The problem is then initialized by instantiating the class IPM from the pyipm package. By default, lbfgs is equal to False so one does not necessarily need to include that argument. If lbfgs is changed to a positive integer, then L-BFGS will be used with a memory equal to that integer used to approximate the Hessian. Finally, the pyipm.IPM.solve() function is called that compiles the Theano expressions (if this has not been done already) and proceeds to search for a local minimizer until the KKT conditions are satisfied to user defined precision or the maximum number of user defined iterations are exceeded.

Solving our problem using the exact Hessian results in convergence to the point \(x = 1.3247\) and \(y = 0.9150\). Each iteration is plotted from initialization to convergence in Figure 2 where it can be seen that the interior-point method indeed escaped the infeasible region and converged to the feasible local minimum at the center of the green circle.

Figure 2: the interior-point method resists its desires for the lower-left infeasible local minimum and makes immediate and quick progress towards the feasible local minimizer in the upper-right. The green dots are iterations of the interior-point method (starting from the initialization at left) and are connected by a green line.

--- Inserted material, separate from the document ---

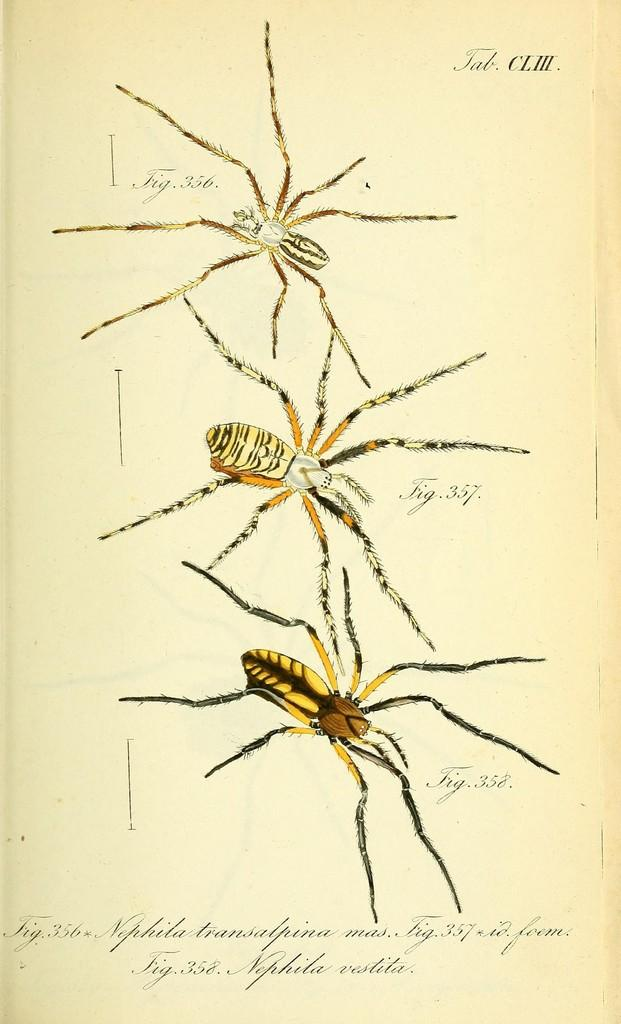How many insects are present on the page? There are three insects on the page. What else can be found on the page besides the insects? There is text on the page. Where is the girl standing with the hen in the image? There is no girl or hen present in the image; it only features three insects and text on the page.

This example showed that pyipm can converge to a feasible local minimizer of a nonlinear and nonconvex constrained minimization problem. In the following examples, more problems will be solved to further demonstrate the abilities of this algorithm. It is worth pointing out here that there are, ultimately, limitations to interior-point methods. While convergence can be guaranteed to a local minimizer on unconstrained nonconvex objective functions, constraint satisfaction is a considerably more difficult problem. Convergence to a feasible point can only be guaranteed for affine equality constraints and convex inequality constraints and perhaps some functions that satisfy certain constraint qualifications. This means that nonlinear constraints are usually prone to converge to infeasible stationary points caused by the nonconvexity of the constraints. Nevertheless, one can always try multiple initializations until a feasible solution is found and that is a typical strategy used for problems where the constraints cannot be guarateed to be satisfied at a stationary point.

Background references

[1] Nocedal, J., & Wright, S. J. Numerical optimization, Springer New York, 2nd Edition (2006).

[2] Byrd, R. H., Lu, P., Nocedal, J., & Zhu, C. A limited memory algorithm for bound constrained optimization. SIAM Journal on Scientific Computing, 16(5), pp. 1190-1208, (1995).